Aim of the exercise
Please copy the lines below, exactly as they are, from the one with "10. slip on shoe [574,394,639,454]" through the one with "Every object in", and leave out the pictures.

────────────────────────────────────────

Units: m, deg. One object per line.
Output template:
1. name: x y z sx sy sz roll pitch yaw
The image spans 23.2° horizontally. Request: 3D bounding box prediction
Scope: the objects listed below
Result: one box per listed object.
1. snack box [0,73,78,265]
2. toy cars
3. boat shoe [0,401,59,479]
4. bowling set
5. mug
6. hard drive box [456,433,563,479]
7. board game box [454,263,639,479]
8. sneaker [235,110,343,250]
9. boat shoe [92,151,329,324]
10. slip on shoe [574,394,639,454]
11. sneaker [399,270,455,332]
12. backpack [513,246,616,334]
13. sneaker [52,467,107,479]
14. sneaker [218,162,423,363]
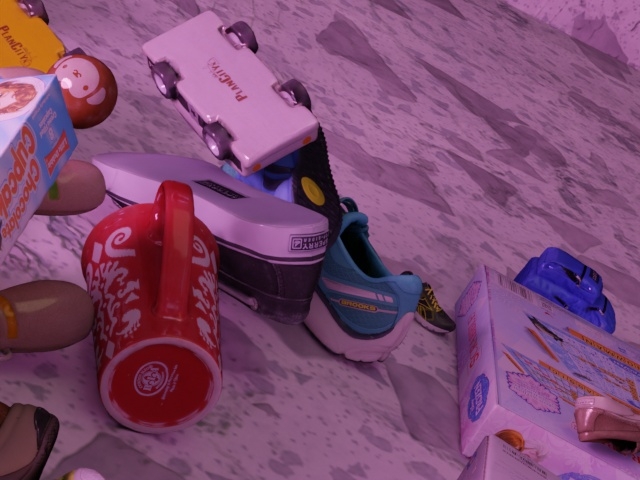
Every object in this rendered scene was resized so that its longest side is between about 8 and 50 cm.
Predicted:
1. snack box: -0.286 0.007 0.934 0.187 0.060 0.322 -3 33 16
2. toy cars: -0.181 -0.138 1.462 0.394 0.087 0.176 10 53 12
3. boat shoe: -0.236 0.166 0.839 0.120 0.122 0.324 25 14 -4
4. bowling set: -0.254 -0.069 1.136 0.154 0.200 0.287 -7 51 -44
5. mug: -0.133 0.048 1.203 0.113 0.150 0.169 -15 34 1
6. hard drive box: 0.175 0.251 1.170 0.181 0.089 0.232 33 8 4
7. board game box: 0.286 0.183 1.566 0.319 0.066 0.318 29 22 -8
8. sneaker: -0.034 -0.046 1.454 0.069 0.082 0.209 38 27 -34
9. boat shoe: -0.106 -0.005 1.387 0.113 0.105 0.306 -8 21 -44
10. slip on shoe: 0.284 0.178 1.434 0.135 0.051 0.041 24 63 -38
11. sneaker: 0.108 0.064 1.627 0.083 0.035 0.031 36 22 10
12. backpack: 0.274 0.076 1.745 0.120 0.101 0.098 36 28 0
13. sneaker: -0.153 0.199 0.878 0.091 0.126 0.240 63 -20 -8
14. sneaker: 0.000 0.000 1.517 0.275 0.110 0.107 44 24 30

────────────────────────────────────────

Answer space
10. slip on shoe [574,394,639,454]
11. sneaker [399,270,455,332]
12. backpack [513,246,616,334]
13. sneaker [52,467,107,479]
14. sneaker [218,162,423,363]
Every object in this rendered scene was resized so that its longest side is between about 8 and 50 cm.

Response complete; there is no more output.